Tristezas não lavam pratos. Tinta acrílica sobre tela, 100 x 120 cm, 2022.
Imagem: Larissa de Souza/Divulgação


A relação com a arte se esboçou ainda criança, quando se deparava com os grafites nos muros. O grafite – escrita que crava um nome e algo no corpo na cidade – aparece como a primeira chama para um desejo que vem sendo sustentado ao longo da existência. Na adolescência, teve contato com alguns materiais de pintura que eram vendidos em um comércio de artesanato próximo à sua casa, e suas primeiras telas foram as paredes do quarto. O processo de experimentação de técnicas, tintas e pigmentos se intensificou quando trabalhou como vendedora em uma loja de materiais artísticos. Ali, no contato com artistas de diferentes trajetórias e linguagens e imersa em cores e objetos, começou a estabelecer uma pesquisa própria, de maneira intuitiva. O universo cromático das casas da infância e as cores vistas em filmes e fotografias criaram uma paleta singular que agora é explorada de maneira densa e vigorosa.
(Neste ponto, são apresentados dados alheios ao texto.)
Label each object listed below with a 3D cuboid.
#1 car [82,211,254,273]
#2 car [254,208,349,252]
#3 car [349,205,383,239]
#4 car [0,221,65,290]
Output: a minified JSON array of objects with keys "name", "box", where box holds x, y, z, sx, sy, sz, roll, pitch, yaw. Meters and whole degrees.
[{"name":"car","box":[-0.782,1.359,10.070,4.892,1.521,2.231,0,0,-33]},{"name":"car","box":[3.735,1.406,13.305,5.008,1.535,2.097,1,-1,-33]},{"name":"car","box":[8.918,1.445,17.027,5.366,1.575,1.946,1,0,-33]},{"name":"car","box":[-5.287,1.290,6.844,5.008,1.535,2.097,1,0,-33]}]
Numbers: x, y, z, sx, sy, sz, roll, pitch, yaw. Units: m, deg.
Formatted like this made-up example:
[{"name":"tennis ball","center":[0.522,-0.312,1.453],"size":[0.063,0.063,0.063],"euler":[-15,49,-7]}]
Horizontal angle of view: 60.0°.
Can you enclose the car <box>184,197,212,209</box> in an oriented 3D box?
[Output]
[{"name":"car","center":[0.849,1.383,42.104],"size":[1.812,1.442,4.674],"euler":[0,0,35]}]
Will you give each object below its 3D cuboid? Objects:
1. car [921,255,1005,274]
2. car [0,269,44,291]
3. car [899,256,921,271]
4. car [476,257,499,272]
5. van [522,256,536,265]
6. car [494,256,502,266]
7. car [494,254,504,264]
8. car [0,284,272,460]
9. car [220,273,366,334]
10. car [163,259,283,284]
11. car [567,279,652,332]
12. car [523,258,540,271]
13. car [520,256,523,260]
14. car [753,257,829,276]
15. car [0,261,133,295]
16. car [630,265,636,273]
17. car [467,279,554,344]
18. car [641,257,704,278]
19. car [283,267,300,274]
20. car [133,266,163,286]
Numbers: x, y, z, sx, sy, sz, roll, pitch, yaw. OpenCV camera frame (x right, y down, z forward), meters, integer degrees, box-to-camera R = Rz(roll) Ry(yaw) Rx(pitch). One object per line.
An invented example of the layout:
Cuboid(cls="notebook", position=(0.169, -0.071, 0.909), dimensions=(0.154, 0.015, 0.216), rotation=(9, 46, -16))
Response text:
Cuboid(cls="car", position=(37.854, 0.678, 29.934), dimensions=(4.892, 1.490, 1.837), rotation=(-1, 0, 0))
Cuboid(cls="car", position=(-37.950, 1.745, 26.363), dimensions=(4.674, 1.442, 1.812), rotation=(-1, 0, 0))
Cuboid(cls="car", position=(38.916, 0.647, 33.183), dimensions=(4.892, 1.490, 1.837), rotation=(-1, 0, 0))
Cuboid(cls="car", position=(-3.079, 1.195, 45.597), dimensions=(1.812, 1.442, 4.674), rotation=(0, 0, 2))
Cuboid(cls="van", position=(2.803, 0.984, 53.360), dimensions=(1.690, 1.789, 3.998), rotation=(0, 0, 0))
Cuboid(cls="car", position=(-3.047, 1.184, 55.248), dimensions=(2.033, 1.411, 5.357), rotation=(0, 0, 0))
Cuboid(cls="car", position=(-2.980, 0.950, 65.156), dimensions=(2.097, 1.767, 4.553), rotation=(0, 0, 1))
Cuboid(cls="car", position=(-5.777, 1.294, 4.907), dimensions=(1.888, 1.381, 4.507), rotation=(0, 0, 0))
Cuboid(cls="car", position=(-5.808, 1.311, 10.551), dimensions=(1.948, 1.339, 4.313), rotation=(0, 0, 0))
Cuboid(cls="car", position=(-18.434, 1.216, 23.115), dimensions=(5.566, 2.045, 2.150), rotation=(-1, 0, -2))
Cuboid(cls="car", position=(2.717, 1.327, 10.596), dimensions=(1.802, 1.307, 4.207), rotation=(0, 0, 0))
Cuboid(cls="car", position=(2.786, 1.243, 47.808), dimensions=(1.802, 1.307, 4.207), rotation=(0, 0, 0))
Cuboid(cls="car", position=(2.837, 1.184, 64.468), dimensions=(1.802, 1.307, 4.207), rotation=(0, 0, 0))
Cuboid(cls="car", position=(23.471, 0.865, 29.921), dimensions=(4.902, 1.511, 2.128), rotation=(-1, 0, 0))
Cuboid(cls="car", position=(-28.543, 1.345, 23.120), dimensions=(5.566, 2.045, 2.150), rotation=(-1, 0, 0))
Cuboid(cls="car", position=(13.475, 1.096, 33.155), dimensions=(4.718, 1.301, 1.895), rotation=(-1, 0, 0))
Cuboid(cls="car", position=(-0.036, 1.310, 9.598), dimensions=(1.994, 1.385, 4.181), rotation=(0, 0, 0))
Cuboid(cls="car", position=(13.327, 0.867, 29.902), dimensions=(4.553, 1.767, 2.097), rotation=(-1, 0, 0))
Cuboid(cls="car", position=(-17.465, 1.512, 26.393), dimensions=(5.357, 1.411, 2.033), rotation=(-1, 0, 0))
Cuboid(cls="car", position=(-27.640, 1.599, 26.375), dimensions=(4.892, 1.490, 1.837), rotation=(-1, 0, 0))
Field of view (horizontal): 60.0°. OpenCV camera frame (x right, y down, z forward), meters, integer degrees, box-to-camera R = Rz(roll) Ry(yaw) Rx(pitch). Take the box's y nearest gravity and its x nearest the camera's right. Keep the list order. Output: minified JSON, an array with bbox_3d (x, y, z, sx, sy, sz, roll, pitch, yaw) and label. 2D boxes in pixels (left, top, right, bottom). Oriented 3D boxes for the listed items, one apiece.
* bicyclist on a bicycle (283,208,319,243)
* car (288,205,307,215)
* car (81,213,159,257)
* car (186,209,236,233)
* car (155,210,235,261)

Há riquezas dentro de mim. Tinta acrílica, folha de ouro e aplicações
sobre linho. Imagem:Wallace Domingues/Divulgação

Larissa desenvolveu também toda uma iconografia particular: símbolos condensam a memória afetiva e trazem junto rastros de resistência pessoal e coletiva. Como Maria Auxiliadora – artista negra que registrou a mudança social de São Paulo e do Brasil a partir de um “diário pessoal” pintado – ela transita entre o delicado e o pungente de um cotidiano reinventado e com cosmologia própria.
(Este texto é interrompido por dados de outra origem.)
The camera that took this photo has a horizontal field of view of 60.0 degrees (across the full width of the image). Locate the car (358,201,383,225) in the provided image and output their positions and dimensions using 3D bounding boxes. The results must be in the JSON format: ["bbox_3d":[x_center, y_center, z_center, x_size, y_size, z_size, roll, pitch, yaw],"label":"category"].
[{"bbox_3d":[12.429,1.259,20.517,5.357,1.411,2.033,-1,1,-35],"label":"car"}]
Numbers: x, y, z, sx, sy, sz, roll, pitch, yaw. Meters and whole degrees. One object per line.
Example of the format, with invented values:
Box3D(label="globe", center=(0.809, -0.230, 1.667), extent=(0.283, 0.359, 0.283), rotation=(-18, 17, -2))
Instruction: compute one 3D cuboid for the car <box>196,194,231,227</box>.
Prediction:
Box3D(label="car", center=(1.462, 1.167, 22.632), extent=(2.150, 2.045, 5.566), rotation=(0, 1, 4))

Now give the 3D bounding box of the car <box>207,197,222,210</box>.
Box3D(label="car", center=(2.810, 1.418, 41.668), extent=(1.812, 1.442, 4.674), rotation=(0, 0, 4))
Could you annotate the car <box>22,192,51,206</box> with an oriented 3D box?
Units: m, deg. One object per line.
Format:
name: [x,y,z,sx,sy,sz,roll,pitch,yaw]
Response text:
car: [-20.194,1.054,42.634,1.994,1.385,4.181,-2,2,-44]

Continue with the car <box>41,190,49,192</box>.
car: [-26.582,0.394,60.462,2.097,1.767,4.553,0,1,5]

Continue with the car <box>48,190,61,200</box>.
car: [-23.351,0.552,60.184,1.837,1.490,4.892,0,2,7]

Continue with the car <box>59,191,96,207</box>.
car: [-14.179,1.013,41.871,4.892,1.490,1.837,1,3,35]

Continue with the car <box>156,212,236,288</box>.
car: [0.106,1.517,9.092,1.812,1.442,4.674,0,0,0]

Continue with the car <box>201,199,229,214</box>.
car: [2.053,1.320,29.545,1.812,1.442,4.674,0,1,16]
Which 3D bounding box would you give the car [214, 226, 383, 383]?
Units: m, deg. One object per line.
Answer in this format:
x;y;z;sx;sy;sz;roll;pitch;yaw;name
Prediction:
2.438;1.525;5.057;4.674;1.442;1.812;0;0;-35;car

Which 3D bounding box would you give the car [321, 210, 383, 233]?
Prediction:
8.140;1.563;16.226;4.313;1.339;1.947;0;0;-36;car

Há pinturas em que, por exemplo, aparece a figura de uma mão preta com anéis de ouro, mostrada sobre a cabeça de alguma personagem, derramando estrelas douradas – presença e mistério que trazem as marcas da fé e do sentimento de religiosidade herdadas de suas ancestrais. Há também o caju e o cajueiro, símbolos recorrentes que representam a origem da avó cearense. São símbolos que conjugam a busca por pertencimento e ancestralidade, território de uma invenção que se deposita nas palavras da artista: “Dei significado ao caju, essa fruta brasileira e nordestina, a partir da ideia de uma árvore genealógica, buscando as origens para colher uma identidade”.


Três Marias. Tinta acrílica, bordado e aplicações sobre linho,
166 x 129 cm, 2022. Imagem: Larissa de Souza/Divulgação

A obra de Larissa de Souza é uma espécie de testamento poético que testemunha os litorais possíveis de uma vida atravessada por tantas outras vidas, em lugares de tremulação e espanto, que vai aos confins do real de onde surgem os ecos da herança africana, reintroduzida na história a partir de um novo ponto que repensa as imagens a contrapelo das hegemônicas narrativas brancas. A construção de uma iconografia singular baseada na relação com outras mulheres negras periféricas é um gesto político que denuncia os efeitos da colonização na memória. Larissa recria o mundo e refunda um discurso crítico aos mitos do Brasil colonial, trilhando um caminho percorrido por suas ancestrais na arte.


Larissa de Souza em seu ateliê. Foto: Fábio Setti/Divulgação

O cotidiano registrado e celebrado em situações marcadas pelo afeto, especialmente em encontros entre mulheres, dialoga diretamente com a citada Maria Auxiliadora, artista que também nos lembra de que o campo da arte nunca esteve imune aos preconceitos e rótulos eurocêntricos como “primitiva”, “popular” ou naif.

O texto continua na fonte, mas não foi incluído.